[Saved data entries]
——

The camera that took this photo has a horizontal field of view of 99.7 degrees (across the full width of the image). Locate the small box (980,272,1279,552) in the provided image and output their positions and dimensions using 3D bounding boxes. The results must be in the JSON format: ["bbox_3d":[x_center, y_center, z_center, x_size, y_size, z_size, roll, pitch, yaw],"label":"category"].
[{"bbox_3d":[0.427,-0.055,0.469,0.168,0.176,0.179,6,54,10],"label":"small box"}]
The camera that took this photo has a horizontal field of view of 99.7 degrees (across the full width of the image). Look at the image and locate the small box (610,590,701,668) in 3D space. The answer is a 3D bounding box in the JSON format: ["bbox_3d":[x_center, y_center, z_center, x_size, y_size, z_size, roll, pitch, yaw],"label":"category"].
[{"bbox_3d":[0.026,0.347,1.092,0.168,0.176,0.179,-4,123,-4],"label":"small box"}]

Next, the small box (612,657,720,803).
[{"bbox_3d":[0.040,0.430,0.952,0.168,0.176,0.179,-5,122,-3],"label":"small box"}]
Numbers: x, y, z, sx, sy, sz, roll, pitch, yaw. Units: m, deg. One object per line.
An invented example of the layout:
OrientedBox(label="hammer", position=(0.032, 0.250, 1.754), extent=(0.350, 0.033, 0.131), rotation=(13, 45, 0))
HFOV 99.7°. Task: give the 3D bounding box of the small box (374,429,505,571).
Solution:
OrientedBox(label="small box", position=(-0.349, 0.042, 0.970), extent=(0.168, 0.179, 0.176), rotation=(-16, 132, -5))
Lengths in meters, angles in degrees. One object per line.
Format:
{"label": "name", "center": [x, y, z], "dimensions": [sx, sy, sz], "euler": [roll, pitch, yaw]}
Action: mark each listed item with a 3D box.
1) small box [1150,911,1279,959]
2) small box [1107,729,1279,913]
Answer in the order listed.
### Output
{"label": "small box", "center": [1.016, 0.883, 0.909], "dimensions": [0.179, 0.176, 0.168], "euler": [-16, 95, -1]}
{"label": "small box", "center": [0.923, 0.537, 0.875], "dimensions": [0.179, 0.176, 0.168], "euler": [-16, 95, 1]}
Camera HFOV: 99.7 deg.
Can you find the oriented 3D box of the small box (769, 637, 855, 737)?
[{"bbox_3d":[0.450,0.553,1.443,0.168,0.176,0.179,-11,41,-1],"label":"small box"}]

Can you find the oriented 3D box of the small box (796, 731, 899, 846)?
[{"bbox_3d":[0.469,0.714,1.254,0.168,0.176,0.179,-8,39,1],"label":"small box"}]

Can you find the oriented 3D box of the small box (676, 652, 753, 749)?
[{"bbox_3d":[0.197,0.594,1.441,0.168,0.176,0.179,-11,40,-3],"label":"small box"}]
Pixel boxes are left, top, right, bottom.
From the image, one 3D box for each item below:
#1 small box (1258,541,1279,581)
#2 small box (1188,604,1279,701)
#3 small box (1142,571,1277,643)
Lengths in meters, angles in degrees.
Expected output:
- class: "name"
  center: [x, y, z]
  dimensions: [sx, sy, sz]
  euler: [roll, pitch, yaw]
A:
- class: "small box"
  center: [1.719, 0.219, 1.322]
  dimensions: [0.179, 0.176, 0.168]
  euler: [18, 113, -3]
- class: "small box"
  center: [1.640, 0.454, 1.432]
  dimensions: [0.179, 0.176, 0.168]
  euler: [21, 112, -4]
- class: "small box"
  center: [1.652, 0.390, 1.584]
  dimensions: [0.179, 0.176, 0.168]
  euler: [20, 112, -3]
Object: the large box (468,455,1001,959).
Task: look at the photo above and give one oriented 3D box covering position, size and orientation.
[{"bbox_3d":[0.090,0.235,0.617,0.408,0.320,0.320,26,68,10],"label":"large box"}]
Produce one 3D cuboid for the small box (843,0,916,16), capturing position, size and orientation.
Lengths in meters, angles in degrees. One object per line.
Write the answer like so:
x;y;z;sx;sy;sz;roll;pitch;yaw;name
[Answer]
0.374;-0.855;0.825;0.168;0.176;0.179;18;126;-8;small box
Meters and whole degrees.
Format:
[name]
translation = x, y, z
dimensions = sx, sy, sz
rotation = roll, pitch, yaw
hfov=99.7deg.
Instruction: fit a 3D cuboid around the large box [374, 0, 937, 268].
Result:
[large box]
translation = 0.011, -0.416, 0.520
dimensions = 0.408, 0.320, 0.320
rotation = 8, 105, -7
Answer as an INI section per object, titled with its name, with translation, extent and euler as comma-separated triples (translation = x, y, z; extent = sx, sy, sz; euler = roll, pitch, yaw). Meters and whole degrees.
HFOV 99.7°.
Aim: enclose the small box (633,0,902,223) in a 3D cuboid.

——

# Exercise brief:
All that is wanted is the stretch of lines above from the one containing "Camera HFOV: 99.7 deg." through the one containing "Pixel boxes are left, top, right, bottom.", duplicated exactly.

# Response to the task:
Camera HFOV: 99.7 deg.
Can you find the oriented 3D box of the small box (769, 637, 855, 737)?
[{"bbox_3d":[0.450,0.553,1.443,0.168,0.176,0.179,-11,41,-1],"label":"small box"}]

Can you find the oriented 3D box of the small box (796, 731, 899, 846)?
[{"bbox_3d":[0.469,0.714,1.254,0.168,0.176,0.179,-8,39,1],"label":"small box"}]

Can you find the oriented 3D box of the small box (676, 652, 753, 749)?
[{"bbox_3d":[0.197,0.594,1.441,0.168,0.176,0.179,-11,40,-3],"label":"small box"}]
Pixel boxes are left, top, right, bottom.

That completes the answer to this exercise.